### [Your assignment]
Return every line of the listing that includes the string "SMILES".

### [Information]
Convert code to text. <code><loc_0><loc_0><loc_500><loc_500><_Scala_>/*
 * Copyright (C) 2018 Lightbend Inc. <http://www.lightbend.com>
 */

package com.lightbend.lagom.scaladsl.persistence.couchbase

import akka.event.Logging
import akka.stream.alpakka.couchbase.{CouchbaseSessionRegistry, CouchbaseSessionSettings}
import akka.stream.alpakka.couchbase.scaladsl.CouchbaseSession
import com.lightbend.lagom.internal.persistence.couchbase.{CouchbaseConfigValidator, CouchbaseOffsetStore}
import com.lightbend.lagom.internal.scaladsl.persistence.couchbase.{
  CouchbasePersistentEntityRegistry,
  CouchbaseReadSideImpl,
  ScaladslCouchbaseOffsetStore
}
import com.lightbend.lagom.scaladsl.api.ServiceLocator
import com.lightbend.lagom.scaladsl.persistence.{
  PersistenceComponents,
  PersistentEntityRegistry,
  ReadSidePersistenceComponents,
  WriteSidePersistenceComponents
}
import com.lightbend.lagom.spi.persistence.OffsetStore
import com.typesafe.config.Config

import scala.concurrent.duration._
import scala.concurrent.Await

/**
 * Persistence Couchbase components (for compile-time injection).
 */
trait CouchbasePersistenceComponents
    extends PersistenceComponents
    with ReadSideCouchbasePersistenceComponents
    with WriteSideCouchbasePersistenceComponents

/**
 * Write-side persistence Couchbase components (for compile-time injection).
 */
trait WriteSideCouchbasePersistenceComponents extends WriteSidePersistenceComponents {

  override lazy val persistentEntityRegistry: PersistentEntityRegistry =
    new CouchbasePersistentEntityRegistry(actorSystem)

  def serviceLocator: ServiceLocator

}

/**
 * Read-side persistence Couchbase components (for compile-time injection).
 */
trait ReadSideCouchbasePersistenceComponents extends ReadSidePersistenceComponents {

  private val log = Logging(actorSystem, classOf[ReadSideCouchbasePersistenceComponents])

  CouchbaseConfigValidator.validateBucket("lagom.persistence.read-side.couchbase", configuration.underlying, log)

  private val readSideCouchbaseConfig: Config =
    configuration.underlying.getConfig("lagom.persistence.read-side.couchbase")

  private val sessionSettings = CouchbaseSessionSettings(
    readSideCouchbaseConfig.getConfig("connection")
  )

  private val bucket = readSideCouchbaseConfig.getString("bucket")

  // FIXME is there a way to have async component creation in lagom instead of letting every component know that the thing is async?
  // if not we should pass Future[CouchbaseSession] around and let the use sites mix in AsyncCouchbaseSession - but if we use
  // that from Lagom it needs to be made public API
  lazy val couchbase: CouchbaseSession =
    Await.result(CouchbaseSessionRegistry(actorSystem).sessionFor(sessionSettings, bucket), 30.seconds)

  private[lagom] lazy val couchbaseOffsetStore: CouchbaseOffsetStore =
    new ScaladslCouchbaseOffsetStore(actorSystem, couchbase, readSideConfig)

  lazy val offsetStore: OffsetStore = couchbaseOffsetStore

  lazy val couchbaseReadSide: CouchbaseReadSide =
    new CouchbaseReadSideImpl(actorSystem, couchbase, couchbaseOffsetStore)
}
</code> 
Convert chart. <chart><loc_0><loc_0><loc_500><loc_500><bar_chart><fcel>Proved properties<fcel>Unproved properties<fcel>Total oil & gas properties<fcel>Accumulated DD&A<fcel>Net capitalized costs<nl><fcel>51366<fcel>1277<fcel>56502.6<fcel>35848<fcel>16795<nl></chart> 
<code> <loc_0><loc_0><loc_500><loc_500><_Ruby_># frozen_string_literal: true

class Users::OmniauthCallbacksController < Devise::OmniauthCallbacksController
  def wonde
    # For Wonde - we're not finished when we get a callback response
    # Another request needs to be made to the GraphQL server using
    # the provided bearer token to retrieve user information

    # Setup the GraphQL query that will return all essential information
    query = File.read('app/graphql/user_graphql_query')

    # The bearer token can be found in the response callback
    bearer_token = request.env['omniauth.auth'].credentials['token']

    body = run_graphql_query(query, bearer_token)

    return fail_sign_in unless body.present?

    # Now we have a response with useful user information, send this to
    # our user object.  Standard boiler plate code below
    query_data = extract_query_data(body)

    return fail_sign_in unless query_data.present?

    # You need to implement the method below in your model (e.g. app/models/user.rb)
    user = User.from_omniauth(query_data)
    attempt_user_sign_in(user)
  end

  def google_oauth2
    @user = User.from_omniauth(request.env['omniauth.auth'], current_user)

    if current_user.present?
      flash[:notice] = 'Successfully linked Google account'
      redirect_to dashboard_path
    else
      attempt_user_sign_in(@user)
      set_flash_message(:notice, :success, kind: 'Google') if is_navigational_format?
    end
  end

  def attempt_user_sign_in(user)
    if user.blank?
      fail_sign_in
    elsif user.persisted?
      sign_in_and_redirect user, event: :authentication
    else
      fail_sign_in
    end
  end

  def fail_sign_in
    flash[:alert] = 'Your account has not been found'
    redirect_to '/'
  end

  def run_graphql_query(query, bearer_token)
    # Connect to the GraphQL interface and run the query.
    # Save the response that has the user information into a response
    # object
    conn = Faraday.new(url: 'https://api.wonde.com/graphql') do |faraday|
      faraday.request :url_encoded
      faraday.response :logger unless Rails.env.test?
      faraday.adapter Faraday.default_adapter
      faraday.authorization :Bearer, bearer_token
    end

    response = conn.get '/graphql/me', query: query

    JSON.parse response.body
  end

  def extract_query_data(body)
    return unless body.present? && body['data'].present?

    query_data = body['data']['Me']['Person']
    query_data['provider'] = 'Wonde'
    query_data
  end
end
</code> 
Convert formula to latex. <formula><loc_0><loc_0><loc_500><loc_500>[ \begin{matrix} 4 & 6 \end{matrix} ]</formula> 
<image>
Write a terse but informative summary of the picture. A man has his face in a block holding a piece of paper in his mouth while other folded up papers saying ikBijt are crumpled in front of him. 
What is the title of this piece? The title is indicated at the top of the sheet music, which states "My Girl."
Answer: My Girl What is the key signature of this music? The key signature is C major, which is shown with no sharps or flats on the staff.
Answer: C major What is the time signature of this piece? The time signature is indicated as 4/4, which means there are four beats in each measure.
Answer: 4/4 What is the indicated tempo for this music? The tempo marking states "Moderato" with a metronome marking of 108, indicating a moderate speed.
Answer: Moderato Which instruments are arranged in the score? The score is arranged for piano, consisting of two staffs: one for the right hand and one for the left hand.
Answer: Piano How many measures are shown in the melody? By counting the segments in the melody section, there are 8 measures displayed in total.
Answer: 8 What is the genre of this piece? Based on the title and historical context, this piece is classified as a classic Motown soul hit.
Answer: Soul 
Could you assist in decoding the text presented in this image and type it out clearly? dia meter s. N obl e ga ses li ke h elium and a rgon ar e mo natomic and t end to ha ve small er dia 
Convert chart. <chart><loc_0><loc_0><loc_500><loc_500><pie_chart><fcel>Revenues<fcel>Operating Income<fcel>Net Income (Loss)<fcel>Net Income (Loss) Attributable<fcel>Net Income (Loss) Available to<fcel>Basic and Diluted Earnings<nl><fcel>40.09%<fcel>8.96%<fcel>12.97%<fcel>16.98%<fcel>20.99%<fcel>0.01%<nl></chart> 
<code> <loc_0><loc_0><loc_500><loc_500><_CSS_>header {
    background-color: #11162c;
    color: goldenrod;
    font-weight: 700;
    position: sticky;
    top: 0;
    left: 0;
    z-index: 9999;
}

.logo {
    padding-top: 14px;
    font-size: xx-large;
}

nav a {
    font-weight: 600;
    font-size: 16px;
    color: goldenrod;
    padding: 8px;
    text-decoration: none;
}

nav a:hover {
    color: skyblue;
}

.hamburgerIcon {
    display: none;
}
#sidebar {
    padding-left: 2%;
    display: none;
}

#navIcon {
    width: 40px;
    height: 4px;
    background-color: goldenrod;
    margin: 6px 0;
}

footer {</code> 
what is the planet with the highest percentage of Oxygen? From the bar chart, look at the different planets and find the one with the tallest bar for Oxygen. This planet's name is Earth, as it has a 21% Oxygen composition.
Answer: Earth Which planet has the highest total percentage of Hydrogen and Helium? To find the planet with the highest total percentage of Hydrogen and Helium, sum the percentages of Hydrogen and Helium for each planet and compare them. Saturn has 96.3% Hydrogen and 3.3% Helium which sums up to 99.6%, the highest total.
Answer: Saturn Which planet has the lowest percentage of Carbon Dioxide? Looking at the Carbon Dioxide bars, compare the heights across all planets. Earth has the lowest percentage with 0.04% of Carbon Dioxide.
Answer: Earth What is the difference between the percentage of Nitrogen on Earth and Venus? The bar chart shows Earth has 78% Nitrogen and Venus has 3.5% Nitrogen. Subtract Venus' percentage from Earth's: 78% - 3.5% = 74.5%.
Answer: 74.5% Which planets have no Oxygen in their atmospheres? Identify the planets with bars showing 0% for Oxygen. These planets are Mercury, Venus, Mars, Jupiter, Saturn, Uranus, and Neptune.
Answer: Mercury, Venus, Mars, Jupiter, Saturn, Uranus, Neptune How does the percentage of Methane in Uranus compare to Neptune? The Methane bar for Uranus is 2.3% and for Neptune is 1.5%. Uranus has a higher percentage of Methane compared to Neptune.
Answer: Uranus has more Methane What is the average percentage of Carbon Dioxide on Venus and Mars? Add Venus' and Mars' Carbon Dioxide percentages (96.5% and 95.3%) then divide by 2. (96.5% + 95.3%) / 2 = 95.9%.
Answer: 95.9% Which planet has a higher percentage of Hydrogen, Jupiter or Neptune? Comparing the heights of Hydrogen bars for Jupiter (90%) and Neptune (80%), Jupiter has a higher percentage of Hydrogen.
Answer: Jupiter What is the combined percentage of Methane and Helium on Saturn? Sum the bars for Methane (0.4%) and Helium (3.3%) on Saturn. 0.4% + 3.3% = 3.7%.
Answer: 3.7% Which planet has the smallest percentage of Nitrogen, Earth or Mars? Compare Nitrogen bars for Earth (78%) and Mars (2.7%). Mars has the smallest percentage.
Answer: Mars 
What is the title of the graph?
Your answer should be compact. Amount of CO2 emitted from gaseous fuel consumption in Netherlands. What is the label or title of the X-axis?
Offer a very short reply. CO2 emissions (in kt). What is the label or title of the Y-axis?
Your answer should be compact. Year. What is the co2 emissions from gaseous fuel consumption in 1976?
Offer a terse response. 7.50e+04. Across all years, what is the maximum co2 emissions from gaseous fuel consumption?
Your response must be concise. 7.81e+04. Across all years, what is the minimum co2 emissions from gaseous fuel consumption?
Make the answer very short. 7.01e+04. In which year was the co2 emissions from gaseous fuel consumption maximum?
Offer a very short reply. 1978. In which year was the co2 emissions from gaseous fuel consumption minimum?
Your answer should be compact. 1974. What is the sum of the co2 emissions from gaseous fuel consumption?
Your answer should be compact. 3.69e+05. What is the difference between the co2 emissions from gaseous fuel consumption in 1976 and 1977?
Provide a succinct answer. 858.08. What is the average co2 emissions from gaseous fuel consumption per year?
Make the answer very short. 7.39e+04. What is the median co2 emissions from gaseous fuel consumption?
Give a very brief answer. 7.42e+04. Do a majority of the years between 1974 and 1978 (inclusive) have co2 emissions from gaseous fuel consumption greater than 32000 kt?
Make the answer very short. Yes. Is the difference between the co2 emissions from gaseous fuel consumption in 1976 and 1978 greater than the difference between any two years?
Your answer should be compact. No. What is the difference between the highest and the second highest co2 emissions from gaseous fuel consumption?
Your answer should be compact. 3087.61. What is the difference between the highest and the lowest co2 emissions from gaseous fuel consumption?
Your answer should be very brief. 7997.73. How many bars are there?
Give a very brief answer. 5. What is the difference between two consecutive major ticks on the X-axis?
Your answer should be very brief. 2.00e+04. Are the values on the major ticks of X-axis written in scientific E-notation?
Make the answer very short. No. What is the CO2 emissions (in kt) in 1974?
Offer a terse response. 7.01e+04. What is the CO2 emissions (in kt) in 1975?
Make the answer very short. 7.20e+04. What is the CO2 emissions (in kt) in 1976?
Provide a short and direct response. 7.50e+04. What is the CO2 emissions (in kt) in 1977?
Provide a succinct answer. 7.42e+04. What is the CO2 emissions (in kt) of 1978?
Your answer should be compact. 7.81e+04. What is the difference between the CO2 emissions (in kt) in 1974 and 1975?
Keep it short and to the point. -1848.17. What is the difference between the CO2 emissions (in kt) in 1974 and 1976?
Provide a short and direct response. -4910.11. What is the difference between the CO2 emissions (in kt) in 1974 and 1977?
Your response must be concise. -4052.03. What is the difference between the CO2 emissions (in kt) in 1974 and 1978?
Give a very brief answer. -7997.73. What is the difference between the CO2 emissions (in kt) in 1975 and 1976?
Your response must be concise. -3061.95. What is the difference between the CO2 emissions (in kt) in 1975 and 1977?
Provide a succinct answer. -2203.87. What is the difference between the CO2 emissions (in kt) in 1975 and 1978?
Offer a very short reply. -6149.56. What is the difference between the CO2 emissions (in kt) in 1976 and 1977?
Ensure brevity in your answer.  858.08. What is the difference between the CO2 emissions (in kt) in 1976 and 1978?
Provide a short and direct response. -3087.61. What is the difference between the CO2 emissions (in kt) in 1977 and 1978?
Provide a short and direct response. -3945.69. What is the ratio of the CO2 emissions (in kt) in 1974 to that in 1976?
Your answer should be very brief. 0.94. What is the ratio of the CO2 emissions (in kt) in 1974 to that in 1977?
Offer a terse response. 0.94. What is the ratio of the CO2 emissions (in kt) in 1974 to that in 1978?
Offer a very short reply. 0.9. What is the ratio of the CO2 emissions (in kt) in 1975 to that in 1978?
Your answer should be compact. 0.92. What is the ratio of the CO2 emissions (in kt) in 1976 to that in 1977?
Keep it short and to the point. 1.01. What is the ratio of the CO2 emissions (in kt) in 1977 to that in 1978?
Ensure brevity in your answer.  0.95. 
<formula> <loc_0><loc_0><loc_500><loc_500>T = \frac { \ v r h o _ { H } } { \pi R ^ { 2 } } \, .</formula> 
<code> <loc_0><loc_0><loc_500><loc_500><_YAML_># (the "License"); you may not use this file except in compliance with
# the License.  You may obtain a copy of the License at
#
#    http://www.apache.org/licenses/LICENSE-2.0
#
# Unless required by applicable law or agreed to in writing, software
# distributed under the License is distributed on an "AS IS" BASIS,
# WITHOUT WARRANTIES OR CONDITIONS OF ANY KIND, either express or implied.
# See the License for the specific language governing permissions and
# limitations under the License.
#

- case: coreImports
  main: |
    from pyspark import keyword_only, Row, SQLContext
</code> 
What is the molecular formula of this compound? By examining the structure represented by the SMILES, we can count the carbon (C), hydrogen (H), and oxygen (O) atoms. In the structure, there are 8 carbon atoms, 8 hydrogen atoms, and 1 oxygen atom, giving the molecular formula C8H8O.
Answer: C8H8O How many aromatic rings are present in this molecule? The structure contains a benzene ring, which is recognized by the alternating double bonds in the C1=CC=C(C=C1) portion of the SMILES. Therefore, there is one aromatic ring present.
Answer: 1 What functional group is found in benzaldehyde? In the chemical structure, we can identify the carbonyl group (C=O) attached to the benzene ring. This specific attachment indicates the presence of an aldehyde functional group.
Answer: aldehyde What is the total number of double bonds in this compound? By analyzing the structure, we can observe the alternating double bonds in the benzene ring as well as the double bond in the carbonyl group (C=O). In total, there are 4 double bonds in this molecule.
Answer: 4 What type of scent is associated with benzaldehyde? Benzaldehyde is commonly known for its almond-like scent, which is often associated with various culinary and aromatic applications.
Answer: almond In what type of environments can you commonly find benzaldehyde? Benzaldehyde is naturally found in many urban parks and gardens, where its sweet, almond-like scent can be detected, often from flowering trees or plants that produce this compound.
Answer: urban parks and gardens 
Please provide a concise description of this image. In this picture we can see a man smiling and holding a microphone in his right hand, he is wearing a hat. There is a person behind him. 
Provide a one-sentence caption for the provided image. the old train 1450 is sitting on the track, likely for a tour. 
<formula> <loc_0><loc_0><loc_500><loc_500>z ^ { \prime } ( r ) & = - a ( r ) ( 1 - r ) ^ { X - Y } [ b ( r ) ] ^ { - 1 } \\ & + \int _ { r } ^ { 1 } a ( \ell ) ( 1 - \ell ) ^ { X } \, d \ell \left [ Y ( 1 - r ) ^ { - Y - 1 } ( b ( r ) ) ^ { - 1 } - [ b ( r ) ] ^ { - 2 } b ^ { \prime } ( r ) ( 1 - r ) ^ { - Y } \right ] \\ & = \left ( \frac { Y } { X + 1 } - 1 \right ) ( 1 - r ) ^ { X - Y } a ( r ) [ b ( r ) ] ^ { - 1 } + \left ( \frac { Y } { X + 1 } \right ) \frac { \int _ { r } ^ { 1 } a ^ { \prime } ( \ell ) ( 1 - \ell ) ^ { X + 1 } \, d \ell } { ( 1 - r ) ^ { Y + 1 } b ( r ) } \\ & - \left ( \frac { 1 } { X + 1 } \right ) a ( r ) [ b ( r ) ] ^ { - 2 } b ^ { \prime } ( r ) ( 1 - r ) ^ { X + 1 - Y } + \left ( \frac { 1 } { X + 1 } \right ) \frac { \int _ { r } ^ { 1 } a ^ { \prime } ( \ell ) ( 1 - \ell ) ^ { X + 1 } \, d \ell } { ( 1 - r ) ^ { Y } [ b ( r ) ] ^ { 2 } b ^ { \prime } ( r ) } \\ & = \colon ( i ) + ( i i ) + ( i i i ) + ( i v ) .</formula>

### [Response for this exercise]
What is the molecular formula of this compound? By examining the structure represented by the SMILES, we can count the carbon (C), hydrogen (H), and oxygen (O) atoms. In the structure, there are 8 carbon atoms, 8 hydrogen atoms, and 1 oxygen atom, giving the molecular formula C8H8O.
Answer: C8H8O How many aromatic rings are present in this molecule? The structure contains a benzene ring, which is recognized by the alternating double bonds in the C1=CC=C(C=C1) portion of the SMILES. Therefore, there is one aromatic ring present.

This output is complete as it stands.